Koreksi: Koreksi thdp penggunaan istilah Kesultanan Mbojo. Sama dgn di atas.
4.TERTULIS: Begitu Belanda hengkang, Mbojo masuk ke pangkuan Republik Indonesia. Alih-alih syariat Islam ditegakkan kembali, pemerintahan yang baru yang dijabat oleh warga pribumi sendiri ini malah melanggengkan sekularisasi yang sudah dirintis Belanda. Kesultaan Mbojo dihapus pemerintah Republik Indonesia pada 2001, seiring dengan wafatnya Sultan Mbojo XV Sultan Abdul Kahir II (1951-2001).
KOREKSI:
***Pertama, kesultanan Bima berakhir tahun 1951 seiring wafatnya SULTAN SALAHUDDIN (Sultan ke14), lalu terbentuk Daerah Swapraja dengan Bupati pertama yakni putera Mahkota Kesultanan Bima. BUKAN BERAKHIR THN 2001.

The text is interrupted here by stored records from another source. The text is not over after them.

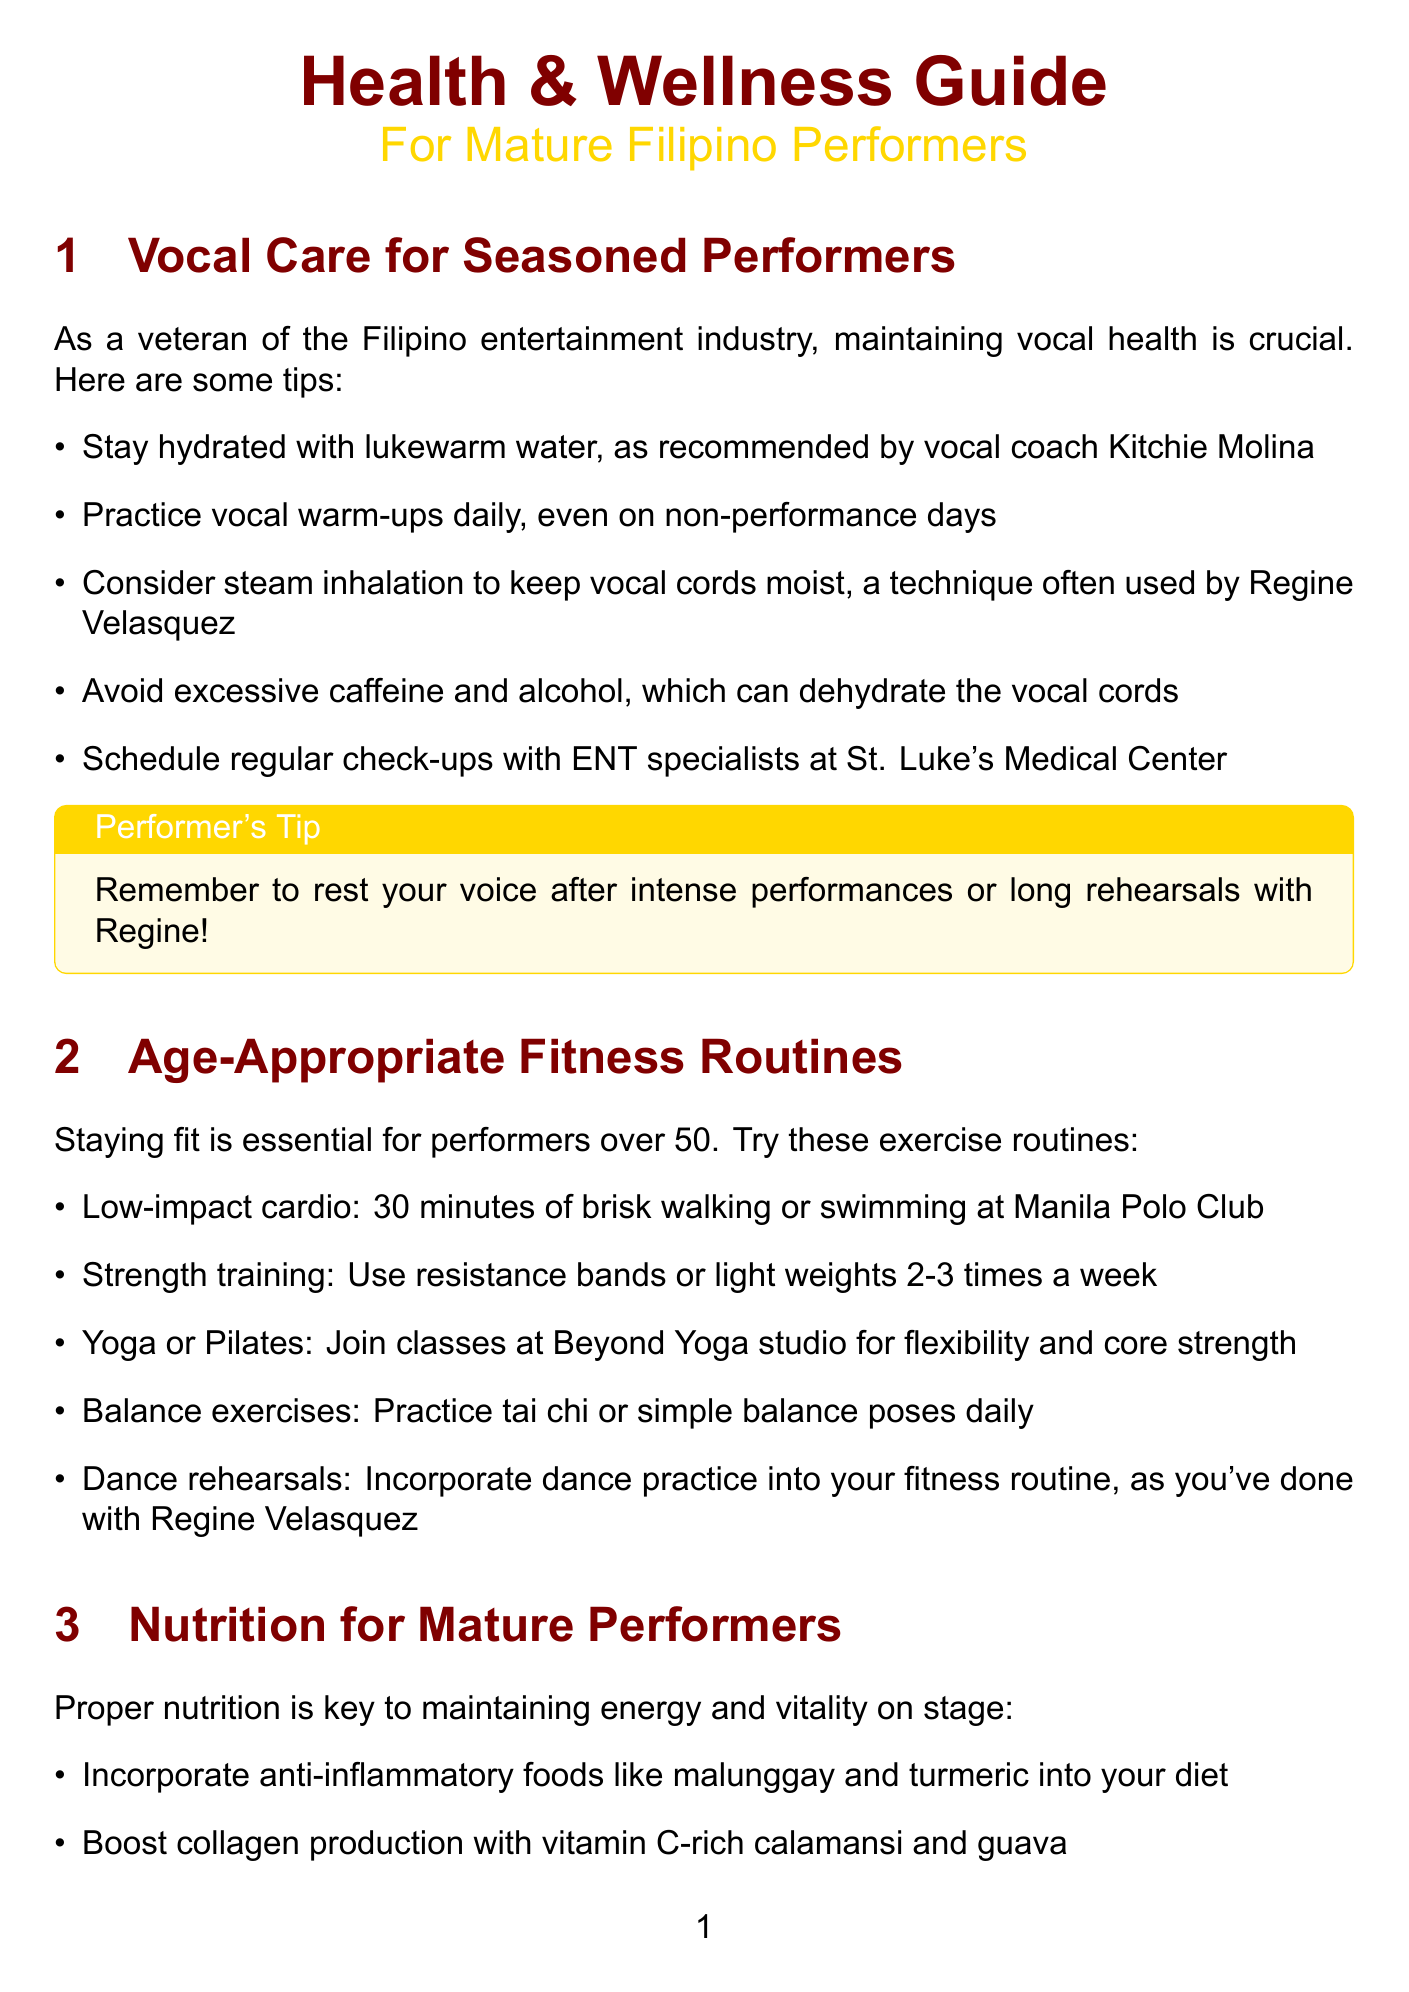what is one recommended method for maintaining vocal health? The document lists several methods for vocal health, including steam inhalation to keep vocal cords moist.
Answer: steam inhalation how often should strength training be done according to the fitness routines? The newsletter advises doing strength training 2-3 times a week.
Answer: 2-3 times a week who provides personalized meal plans for performers? The document mentions consulting with nutritionist Cheshire Que for personalized meal plans.
Answer: Cheshire Que what type of exercise is suggested for balance? The newsletter recommends practicing tai chi or simple balance poses for balance.
Answer: tai chi or simple balance poses which skincare product is advised for UV protection? The document suggests using sunscreen daily, specifically Belo SunExpert, for UV protection.
Answer: Belo SunExpert how many minutes of daily mindfulness meditation are recommended? The document states that 10 minutes of mindfulness meditation should be practiced daily.
Answer: 10 minutes what is a common anti-inflammatory food mentioned in the nutrition section? The document mentions malunggay as an anti-inflammatory food recommended in the nutrition section.
Answer: malunggay what is one of the hobbies suggested for mental wellness? The newsletter suggests engaging in hobbies like painting or gardening for mental wellness.
Answer: painting or gardening which dermatologist is referenced for anti-aging skincare advice? The document references dermatologist Dr. Vicki Belo for anti-aging skincare advice.
Answer: Dr. Vicki Belo

***Kedua, Abdul Kahir II dinobatkan sbg putera Mahkota thn 1950, ketika5 ayahnya sudah tua dan sakit sakitan. Namun beliau TIDAK PERNAH SEKALIPUN DINOBATKAN MENJADI SULTAN SEMASA HIDUPNYA. Beliau diangkat menjadi sultan setelah wafat, yakni 60 thn setelah berakhirnya Kesultanan Bima, SEKEDAR UTK MENGHORMATI JASA2 BELIAU DAN MENGHORMATI KERAJAAN BIMA.

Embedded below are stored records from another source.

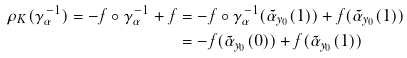Convert formula to latex. <formula><loc_0><loc_0><loc_500><loc_500>\rho _ { K } ( \gamma _ { \alpha } ^ { - 1 } ) = - f \circ \gamma _ { \alpha } ^ { - 1 } + f & = - f \circ \gamma _ { \alpha } ^ { - 1 } ( \tilde { \alpha } _ { y _ { 0 } } ( 1 ) ) + f ( \tilde { \alpha } _ { y _ { 0 } } ( 1 ) ) \\ & = - f ( \tilde { \alpha } _ { y _ { 0 } } ( 0 ) ) + f ( \tilde { \alpha } _ { y _ { 0 } } ( 1 ) )</formula> 
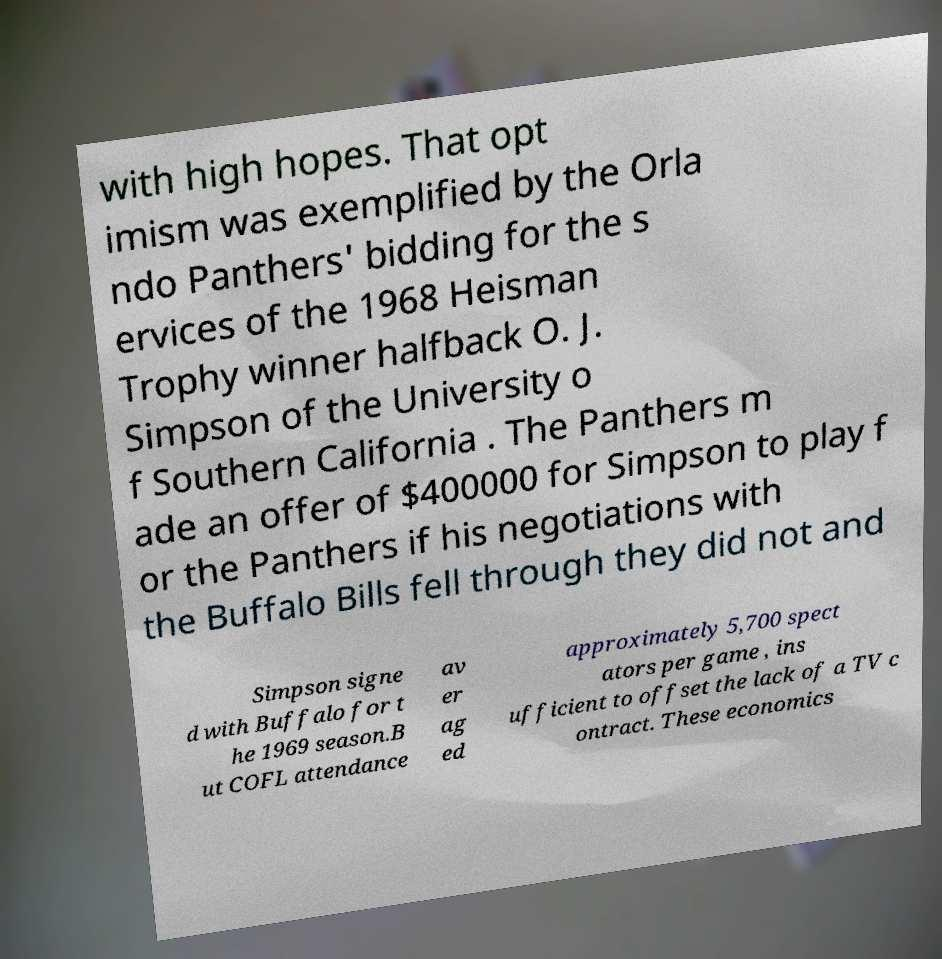There's text embedded in this image that I need extracted. Can you transcribe it verbatim? with high hopes. That opt imism was exemplified by the Orla ndo Panthers' bidding for the s ervices of the 1968 Heisman Trophy winner halfback O. J. Simpson of the University o f Southern California . The Panthers m ade an offer of $400000 for Simpson to play f or the Panthers if his negotiations with the Buffalo Bills fell through they did not and Simpson signe d with Buffalo for t he 1969 season.B ut COFL attendance av er ag ed approximately 5,700 spect ators per game , ins ufficient to offset the lack of a TV c ontract. These economics 
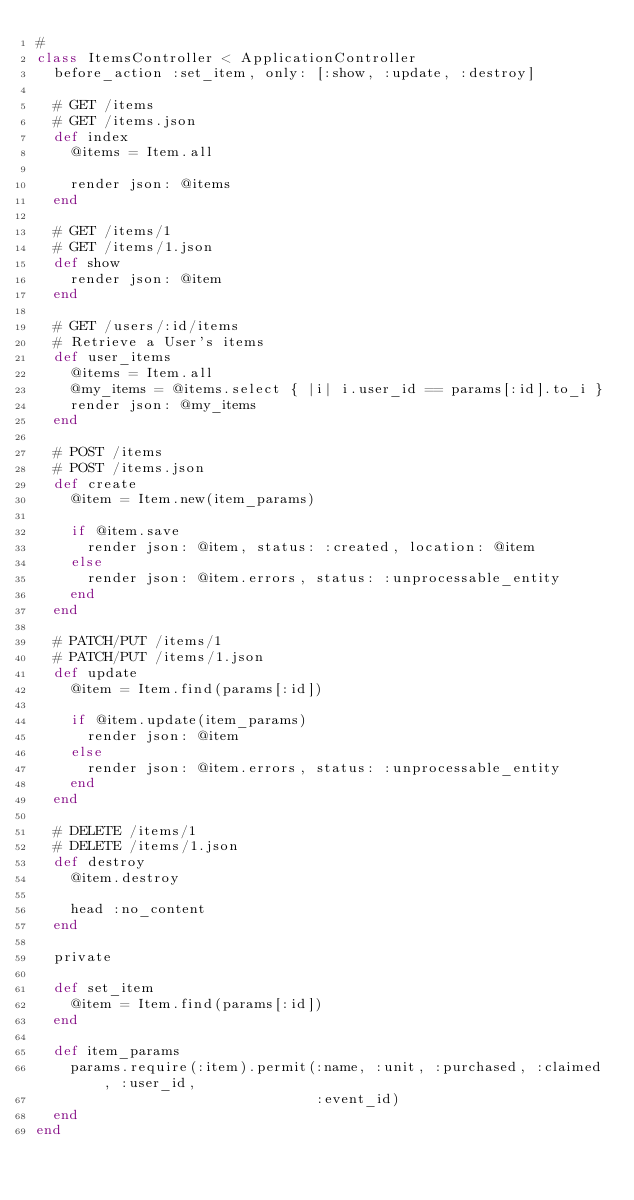<code> <loc_0><loc_0><loc_500><loc_500><_Ruby_>#
class ItemsController < ApplicationController
  before_action :set_item, only: [:show, :update, :destroy]

  # GET /items
  # GET /items.json
  def index
    @items = Item.all

    render json: @items
  end

  # GET /items/1
  # GET /items/1.json
  def show
    render json: @item
  end

  # GET /users/:id/items
  # Retrieve a User's items
  def user_items
    @items = Item.all
    @my_items = @items.select { |i| i.user_id == params[:id].to_i }
    render json: @my_items
  end

  # POST /items
  # POST /items.json
  def create
    @item = Item.new(item_params)

    if @item.save
      render json: @item, status: :created, location: @item
    else
      render json: @item.errors, status: :unprocessable_entity
    end
  end

  # PATCH/PUT /items/1
  # PATCH/PUT /items/1.json
  def update
    @item = Item.find(params[:id])

    if @item.update(item_params)
      render json: @item
    else
      render json: @item.errors, status: :unprocessable_entity
    end
  end

  # DELETE /items/1
  # DELETE /items/1.json
  def destroy
    @item.destroy

    head :no_content
  end

  private

  def set_item
    @item = Item.find(params[:id])
  end

  def item_params
    params.require(:item).permit(:name, :unit, :purchased, :claimed, :user_id,
                                 :event_id)
  end
end
</code> 
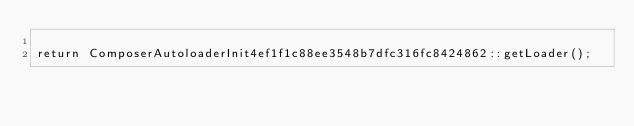Convert code to text. <code><loc_0><loc_0><loc_500><loc_500><_PHP_>
return ComposerAutoloaderInit4ef1f1c88ee3548b7dfc316fc8424862::getLoader();
</code> 
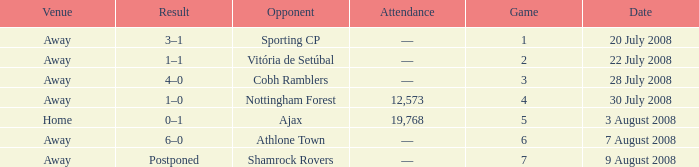What is the total game number with athlone town as the opponent? 1.0. 
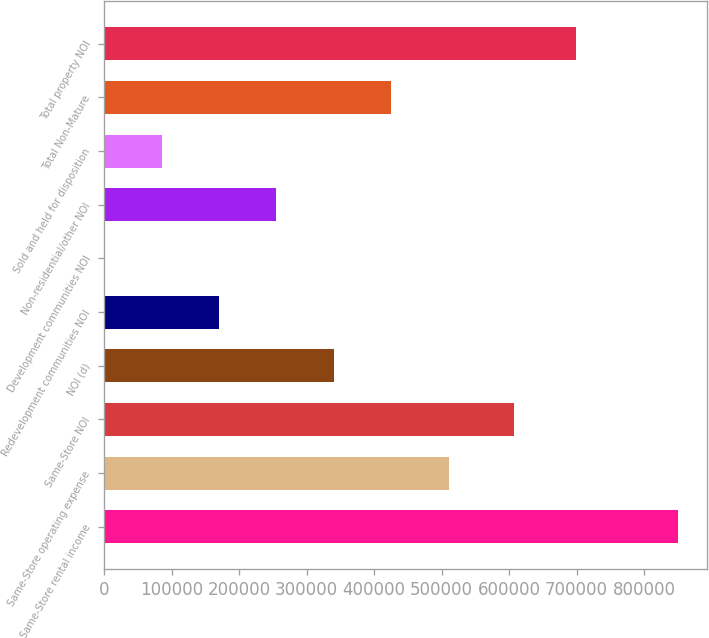Convert chart. <chart><loc_0><loc_0><loc_500><loc_500><bar_chart><fcel>Same-Store rental income<fcel>Same-Store operating expense<fcel>Same-Store NOI<fcel>NOI (d)<fcel>Redevelopment communities NOI<fcel>Development communities NOI<fcel>Non-residential/other NOI<fcel>Sold and held for disposition<fcel>Total Non-Mature<fcel>Total property NOI<nl><fcel>850065<fcel>510157<fcel>607543<fcel>340203<fcel>170249<fcel>295<fcel>255226<fcel>85272<fcel>425180<fcel>698503<nl></chart>

***Pribumi asli Bima, yakni Abdul Kahir II, hanya menjabat sampai thn 1967. Karena setelah itu ORDE BARU berkuasa dan para bupati adalah para Letnan TNI dari Suku Jawa hingga tahun 1979. Setelah munculnya Golkar, baru putera asli diizinkan berkuasa.